The research team also discovered that myocardial injury is often overlooked in patients with myasthenia gravis, probably because patients are often asymptomatic or present with nonspecific symptoms such as chest tightness and fatigue. They also discovered that most patients were not screened for myocardial injury, meaning the condition goes undetected and untreated. 

Case Study: Sudden Cardiac Death in a Young Man 

In Mathews Journal of Case Reports, Ghayyem and colleagues presented the case study of a young man with myasthenia gravis who died suddenly from a heart attack.

A 37-year-old man with a background of myasthenia gravis presented with mild exertional dyspnea. He also had a history of hypertension, Hashimoto thyroiditis, and depression. 

The patient’s vital signs were normal. Mild crackles could be heard in the lower lobes of both lungs. A chest x-ray revealed patchy bilateral consolidation. The patient was admitted for closer observation. An echocardiography test was normal. 

The patient’s dyspnea worsened in the following hours, which soon progressed to tachypnea and respiratory distress. He was put on an oxygen mask (5 liters per minute). An arterial blood gas indicated respiratory acidosis. An endotracheal intubation was performed, and the patient was tested for SARS-Cov2. 

The patient had a chest computed tomography (CT) scan, revealing bilateral multifocal ground-glass opacities with mild right pleural effusion. A thoracocentesis was performed, which was suggestive of an exudative pleural fluid (lactate dehydrogenase: 330 IU/L; protein: 4.5 g/L). 

“We considered both infection and [myasthenia gravis] as the leading causes of the patient’s respiratory failure, so he underwent plasmapheresis on the same day combined with 2 g/kg/day [intravenous gamma-globulin],” Ghayyem et al wrote. 

The patient received lopinavir/ritonavir 400/100 mg and hydroxychloroquine 400 mg. He was also prescribed prophylactic anticoagulation. An echocardiography showed normal cardiac function. 

The patient was then found to be positive for SARS-Cov2. Despite his physicians’ best efforts, his condition continued to deteriorate. A few hours later, he went into cardiac arrest. Resuscitation efforts were unsuccessful, and the patient died. 
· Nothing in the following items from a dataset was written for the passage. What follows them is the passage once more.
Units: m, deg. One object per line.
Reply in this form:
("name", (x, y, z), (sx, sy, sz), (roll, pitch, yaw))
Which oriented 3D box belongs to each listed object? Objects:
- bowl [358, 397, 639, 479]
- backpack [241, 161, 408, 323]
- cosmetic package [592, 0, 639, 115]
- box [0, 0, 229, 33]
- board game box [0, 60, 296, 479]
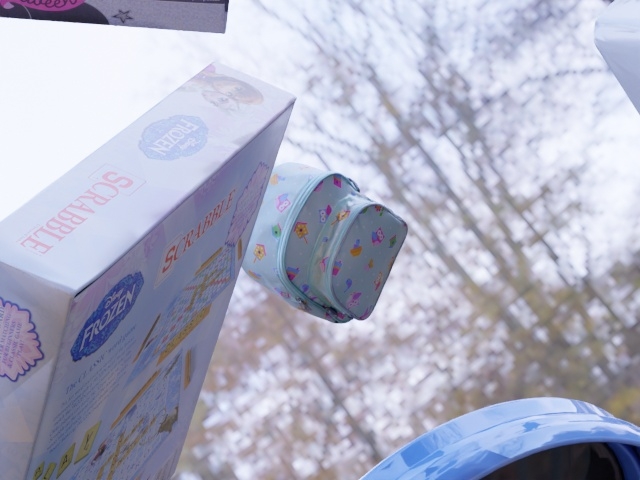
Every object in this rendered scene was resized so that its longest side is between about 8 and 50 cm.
("bowl", (0.122, 0.289, 1.329), (0.391, 0.077, 0.391), (-18, -51, -23))
("backpack", (0.000, 0.000, 1.984), (0.188, 0.144, 0.165), (33, -100, -45))
("cosmetic package", (0.431, -0.049, 0.948), (0.329, 0.327, 0.393), (-38, -72, -9))
("box", (-0.205, -0.304, 1.643), (0.247, 0.142, 0.163), (4, -51, -7))
("board game box", (-0.138, 0.085, 1.026), (0.318, 0.066, 0.318), (-49, -19, -61))

Read more about myasthenia gravis prognosis 

The patient’s physicians theorized that infection served as a trigger for the patient’s myasthenia gravis and speculated that the patient experienced myocarditis following viral infection, leading to sudden cardiac death. 

While this case study was complicated by SARS-Cov2 infection, it highlights how myocardial injury can occur due to an acute exacerbation of myasthenia gravis. Interestingly, echocardiography failed to detect any signs of cardiac abnormalities. Nevertheless, physicians should recognize that patients with myasthenia gravis are vulnerable to myocardial injury and take appropriate action when the patient is critically ill. 
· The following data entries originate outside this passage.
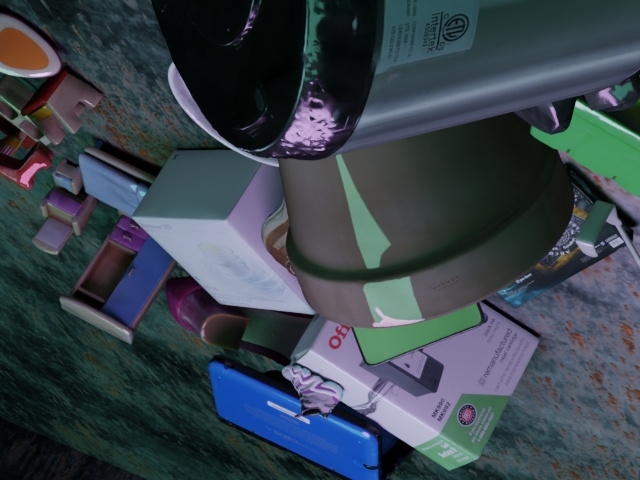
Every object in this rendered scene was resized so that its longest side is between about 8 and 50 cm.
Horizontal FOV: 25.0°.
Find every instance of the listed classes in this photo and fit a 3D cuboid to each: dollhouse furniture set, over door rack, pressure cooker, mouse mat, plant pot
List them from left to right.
[{"bbox_3d":[-0.508,-0.155,2.224,0.152,0.201,0.374,39,156,-18],"label":"dollhouse furniture set"},{"bbox_3d":[-0.364,-0.019,2.330,0.286,0.198,0.303,26,156,10],"label":"dollhouse furniture set"},{"bbox_3d":[0.076,-0.111,1.537,0.323,0.323,0.280,6,131,45],"label":"plant pot"},{"bbox_3d":[0.116,0.074,1.962,0.189,0.153,0.007,-23,173,25],"label":"mouse mat"},{"bbox_3d":[0.103,-0.261,1.013,0.370,0.420,0.376,132,120,-66],"label":"pressure cooker"},{"bbox_3d":[0.447,0.028,1.536,0.239,0.108,0.324,15,173,33],"label":"over door rack"}]

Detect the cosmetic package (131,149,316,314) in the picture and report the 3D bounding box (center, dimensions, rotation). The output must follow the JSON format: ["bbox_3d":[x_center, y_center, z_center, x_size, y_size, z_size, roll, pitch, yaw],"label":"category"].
[{"bbox_3d":[-0.113,-0.014,2.119,0.224,0.138,0.225,3,143,47],"label":"cosmetic package"}]

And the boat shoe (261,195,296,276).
[{"bbox_3d":[0.000,0.000,1.879,0.324,0.123,0.116,107,142,-72],"label":"boat shoe"}]

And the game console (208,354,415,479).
[{"bbox_3d":[-0.002,0.250,2.248,0.293,0.173,0.250,22,146,19],"label":"game console"}]

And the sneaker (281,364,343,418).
[{"bbox_3d":[-0.024,0.219,2.033,0.098,0.069,0.038,21,155,26],"label":"sneaker"}]

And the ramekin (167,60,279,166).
[{"bbox_3d":[-0.069,-0.193,1.741,0.207,0.109,0.207,25,157,12],"label":"ramekin"}]

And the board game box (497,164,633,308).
[{"bbox_3d":[0.262,-0.002,1.734,0.126,0.026,0.186,42,128,-19],"label":"board game box"}]

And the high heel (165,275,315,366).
[{"bbox_3d":[-0.071,0.134,2.374,0.377,0.127,0.181,21,-168,-34],"label":"high heel"}]

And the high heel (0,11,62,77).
[{"bbox_3d":[-0.483,-0.296,2.103,0.244,0.082,0.117,17,-175,0],"label":"high heel"}]

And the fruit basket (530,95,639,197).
[{"bbox_3d":[0.350,-0.180,1.270,0.327,0.165,0.353,30,141,1],"label":"fruit basket"}]

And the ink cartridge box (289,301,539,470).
[{"bbox_3d":[0.133,0.162,2.079,0.289,0.211,0.121,32,159,-5],"label":"ink cartridge box"}]

“Older age, infection, myasthenic crisis, thymoma, and [immune checkpoint inhibitor] therapy were independently associated with myocardial injury in [myasthenia gravis] patients,” Chen and colleagues wrote. “Careful attention should be paid to myocardial injury in [myasthenia gravis] patients.” 


Chen H, Kong L, Zhang Y, et al. Myocardial injury in hospitalized patients with myasthenia gravisJ Clin Med. Published online November 30, 2022. doi:10.3390/jcm11237106

Ghayyem M, Haseli S, Yaghmaei S. COVID-19 and sudden cardiac death in a young man with myasthenia gravis. MJCR. Published online July 1, 2021.